Exercise material
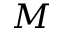<formula> <loc_0><loc_0><loc_500><loc_500>M</formula> 
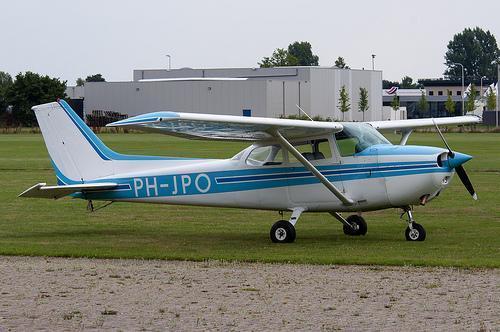How many wheels on the plane?
Give a very brief answer. 3. How many buildings are there?
Give a very brief answer. 2. How many monkeys are on top of the plane?
Give a very brief answer. 0. How many wheels does the small airplane has ?
Give a very brief answer. 3.

What the task asks
Using the data above, show each line where "Give" occurs.

The completed task
Give a very brief answer. 3. How many buildings are there?
Give a very brief answer. 2. How many monkeys are on top of the plane?
Give a very brief answer. 0. How many wheels does the small airplane has ?
Give a very brief answer. 3.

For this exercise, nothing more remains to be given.